▸ What the task requires:
Every line containing the string "picture" should be returned from the records.

------------------------

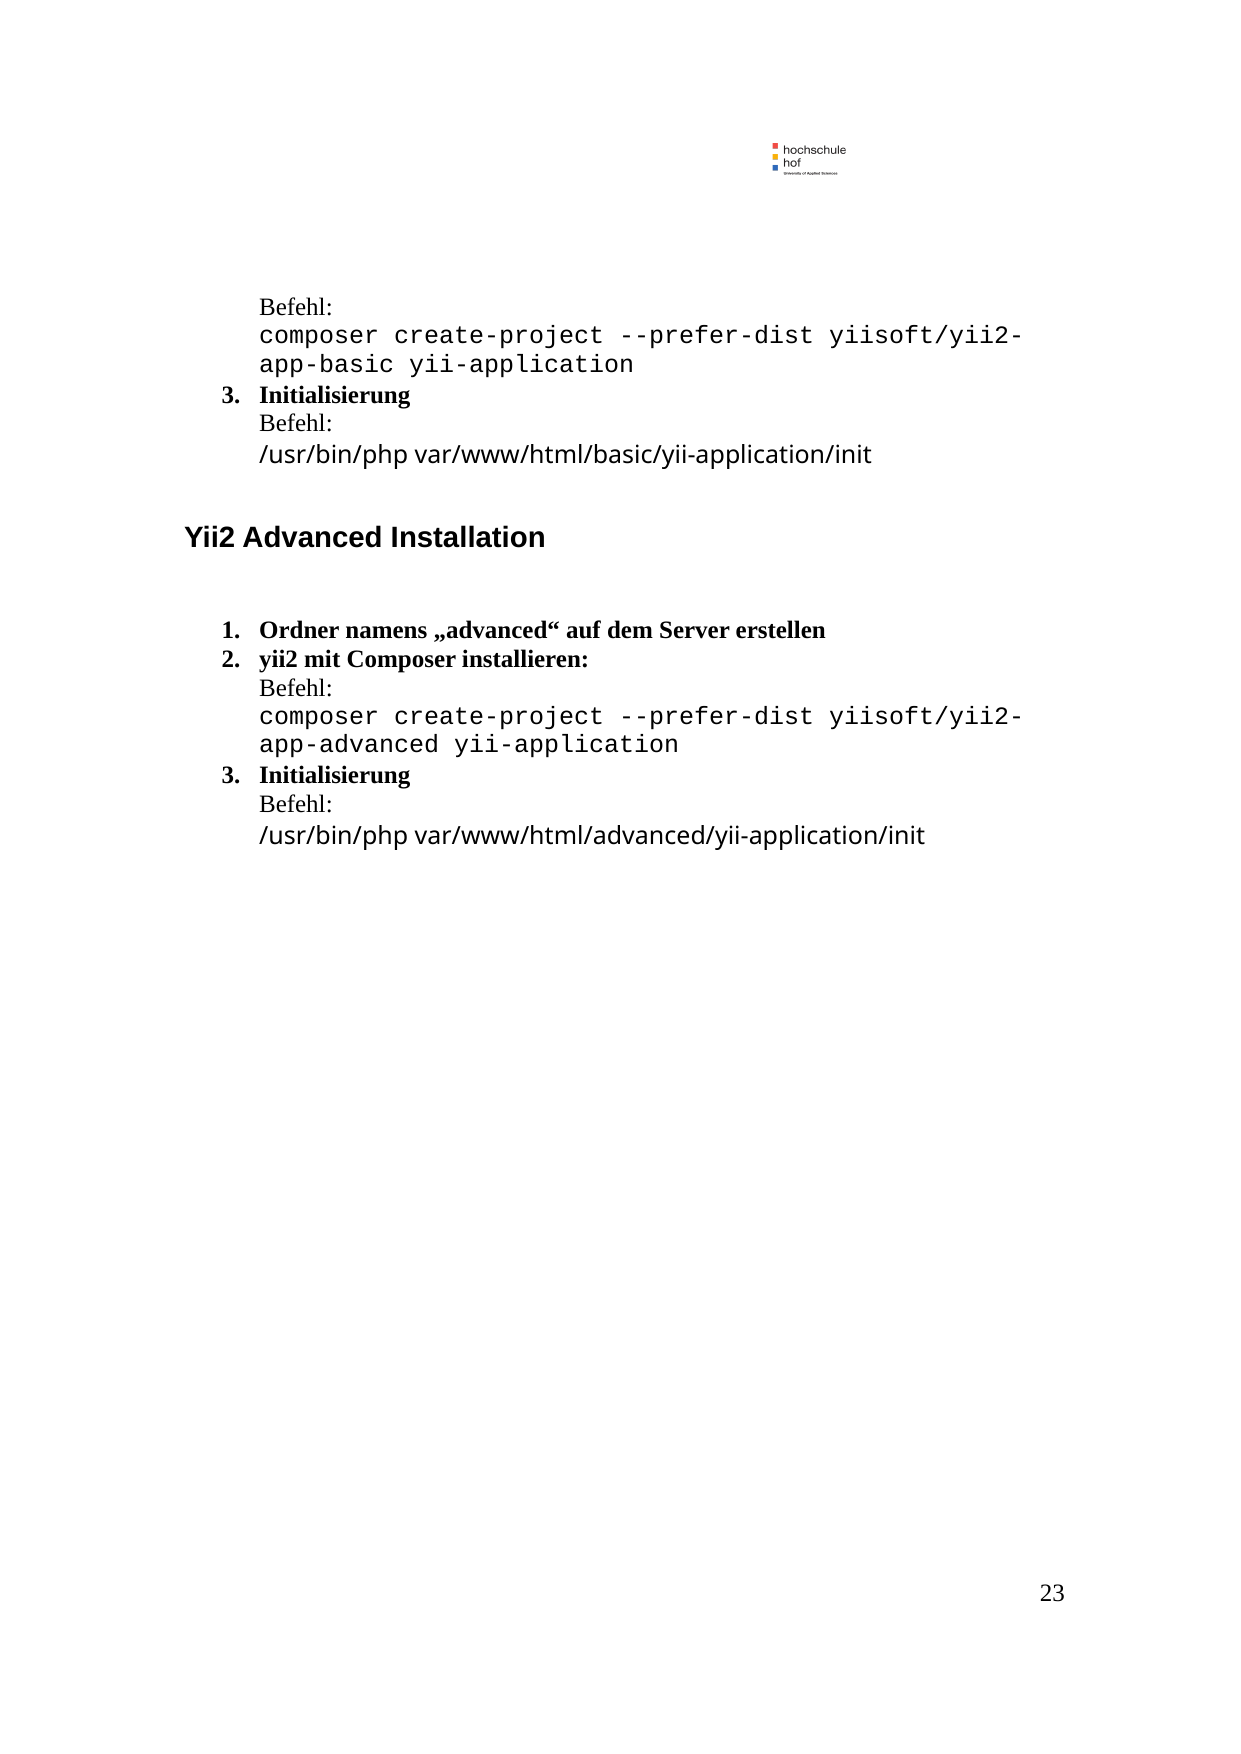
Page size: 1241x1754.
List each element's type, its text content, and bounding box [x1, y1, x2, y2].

list composer create-project --prefer-dist yiisoft/yii2-app-basic yii-application [221, 323, 1064, 380]
list Befehl: [221, 408, 1064, 437]
list Ordner namens „advanced“ auf dem Server erstellen [221, 615, 1064, 644]
list Initialisierung [221, 760, 1064, 789]
list composer create-project --prefer-dist yiisoft/yii2-app-advanced yii-application [221, 703, 1064, 760]
list /usr/bin/php var/www/html/basic/yii-application/init [221, 437, 1064, 471]
subtitle Yii2 Advanced Installation [184, 520, 1064, 554]
list Befehl: [221, 789, 1064, 818]
list yii2 mit Composer installieren: [221, 644, 1064, 673]
list /usr/bin/php var/www/html/advanced/yii-application/init [221, 818, 1064, 852]
list Initialisierung [221, 380, 1064, 408]
list Befehl: [221, 673, 1064, 703]
list Befehl: [221, 292, 1064, 323]
picture [772, 143, 846, 175]
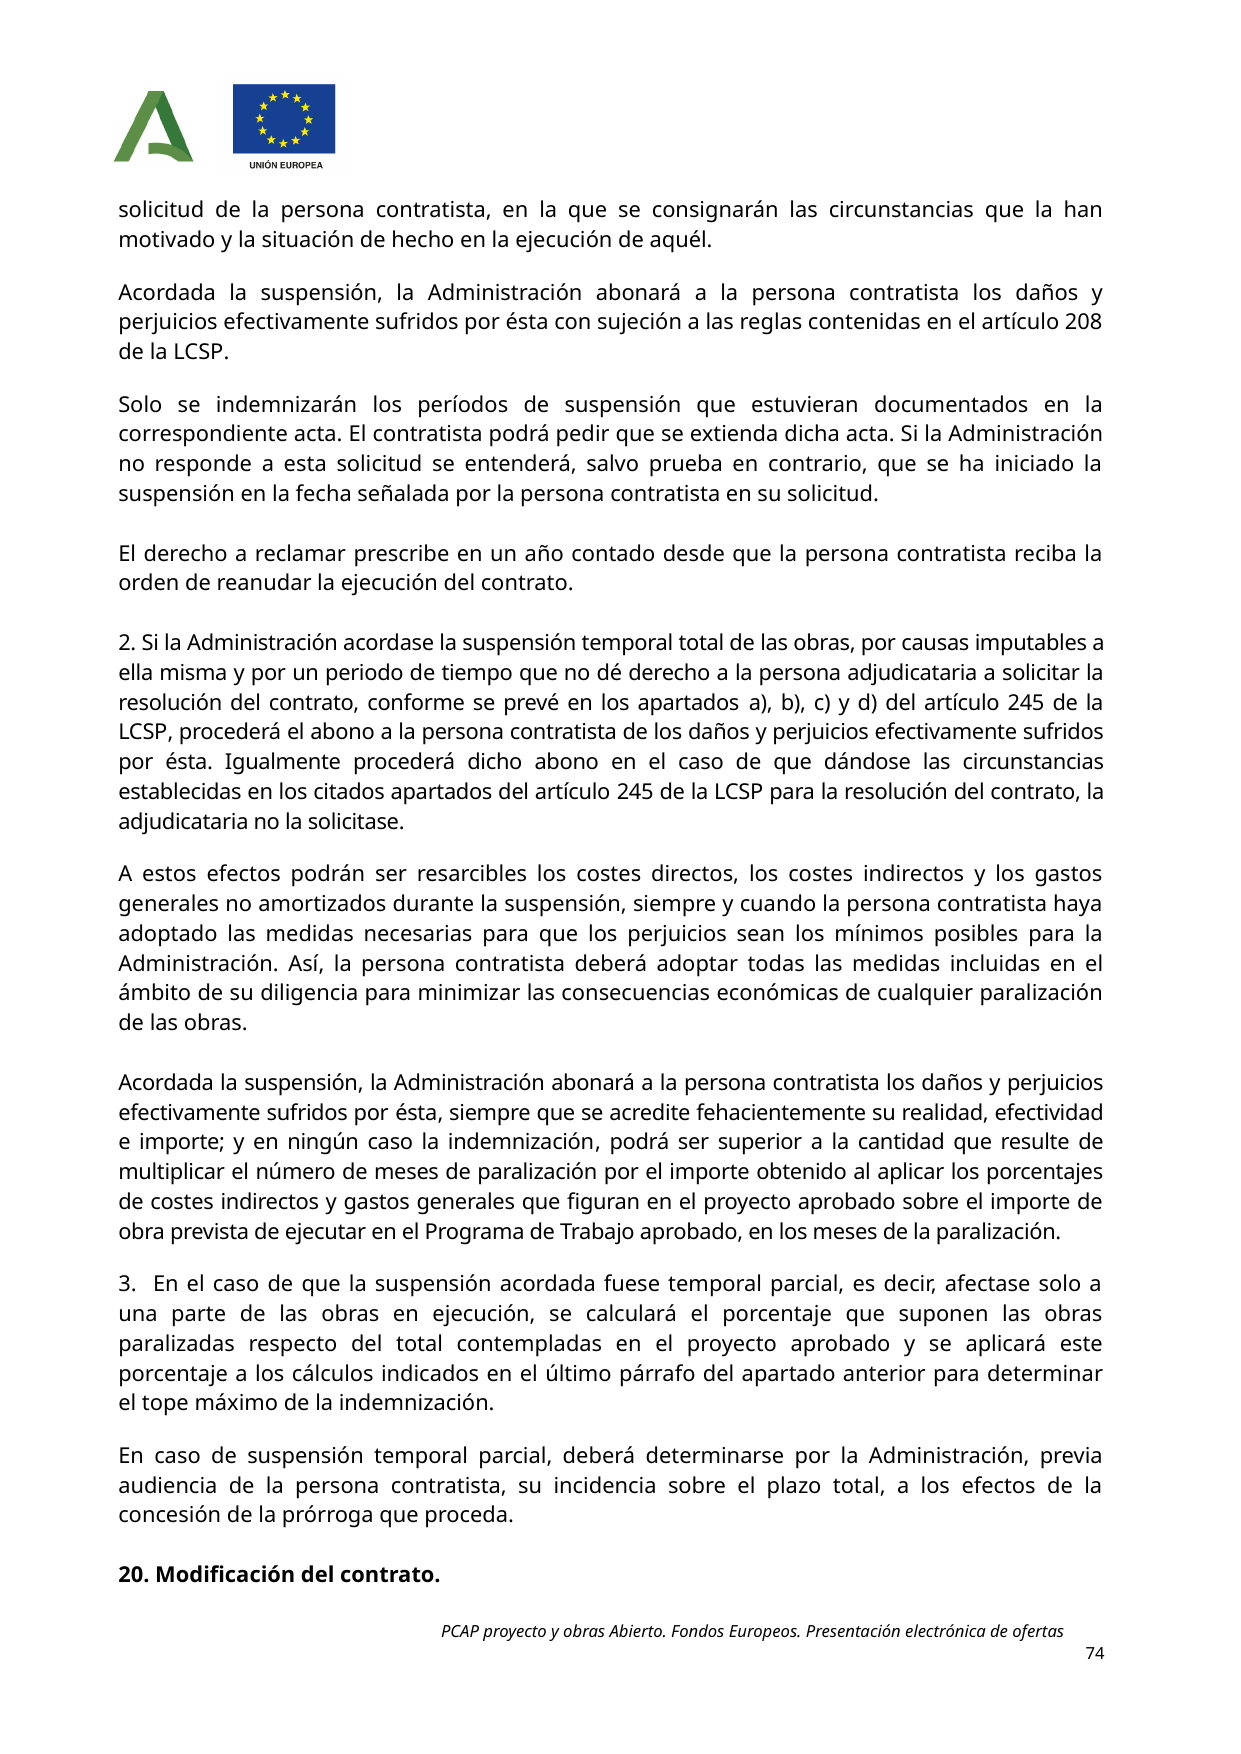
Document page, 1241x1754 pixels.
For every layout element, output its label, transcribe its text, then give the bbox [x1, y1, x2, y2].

text A estos efectos podrán ser resarcibles los costes directos, los costes indirectos y los gastos generales no amortizados durante la suspensión, siempre y cuando la persona contratista haya adoptado las medidas necesarias para que los perjuicios sean los mínimos posibles para la Administración. Así, la persona contratista deberá adoptar todas las medidas incluidas en el ámbito de su diligencia para minimizar las consecuencias económicas de cualquier paralización de las obras. [118, 858, 1104, 1037]
text 2. Si la Administración acordase la suspensión temporal total de las obras, por causas imputables a ella misma y por un periodo de tiempo que no dé derecho a la persona adjudicataria a solicitar la resolución del contrato, conforme se prevé en los apartados a), b), c) y d) del artículo 245 de la LCSP, procederá el abono a la persona contratista de los daños y perjuicios efectivamente sufridos por ésta. Igualmente procederá dicho abono en el caso de que dándose las circunstancias establecidas en los citados apartados del artículo 245 de la LCSP para la resolución del contrato, la adjudicataria no la solicitase. [118, 627, 1104, 836]
text 20. Modificación del contrato. [118, 1559, 1104, 1589]
text En caso de suspensión temporal parcial, deberá determinarse por la Administración, previa audiencia de la persona contratista, su incidencia sobre el plazo total, a los efectos de la concesión de la prórroga que proceda. [118, 1440, 1104, 1529]
text 3. En el caso de que la suspensión acordada fuese temporal parcial, es decir, afectase solo a una parte de las obras en ejecución, se calculará el porcentaje que suponen las obras paralizadas respecto del total contempladas en el proyecto aprobado y se aplicará este porcentaje a los cálculos indicados en el último párrafo del apartado anterior para determinar el tope máximo de la indemnización. [118, 1268, 1104, 1417]
text solicitud de la persona contratista, en la que se consignarán las circunstancias que la han motivado y la situación de hecho en la ejecución de aquél. [118, 194, 1104, 254]
text Acordada la suspensión, la Administración abonará a la persona contratista los daños y perjuicios efectivamente sufridos por ésta con sujeción a las reglas contenidas en el artículo 208 de la LCSP. [118, 277, 1104, 366]
text El derecho a reclamar prescribe en un año contado desde que la persona contratista reciba la orden de reanudar la ejecución del contrato. [118, 538, 1104, 597]
picture [221, 78, 347, 176]
text Acordada la suspensión, la Administración abonará a la persona contratista los daños y perjuicios efectivamente sufridos por ésta, siempre que se acredite fehacientemente su realidad, efectividad e importe; y en ningún caso la indemnización, podrá ser superior a la cantidad que resulte de multiplicar el número de meses de paralización por el importe obtenido al aplicar los porcentajes de costes indirectos y gastos generales que figuran en el proyecto aprobado sobre el importe de obra prevista de ejecutar en el Programa de Trabajo aprobado, en los meses de la paralización. [118, 1067, 1104, 1246]
picture [109, 86, 198, 166]
text Solo se indemnizarán los períodos de suspensión que estuvieran documentados en la correspondiente acta. El contratista podrá pedir que se extienda dicha acta. Si la Administración no responde a esta solicitud se entenderá, salvo prueba en contrario, que se ha iniciado la suspensión en la fecha señalada por la persona contratista en su solicitud. [118, 389, 1104, 508]

------------------------

▸ Exercise solution:
picture [772, 143, 846, 175]
picture [221, 78, 347, 176]
picture [109, 86, 198, 166]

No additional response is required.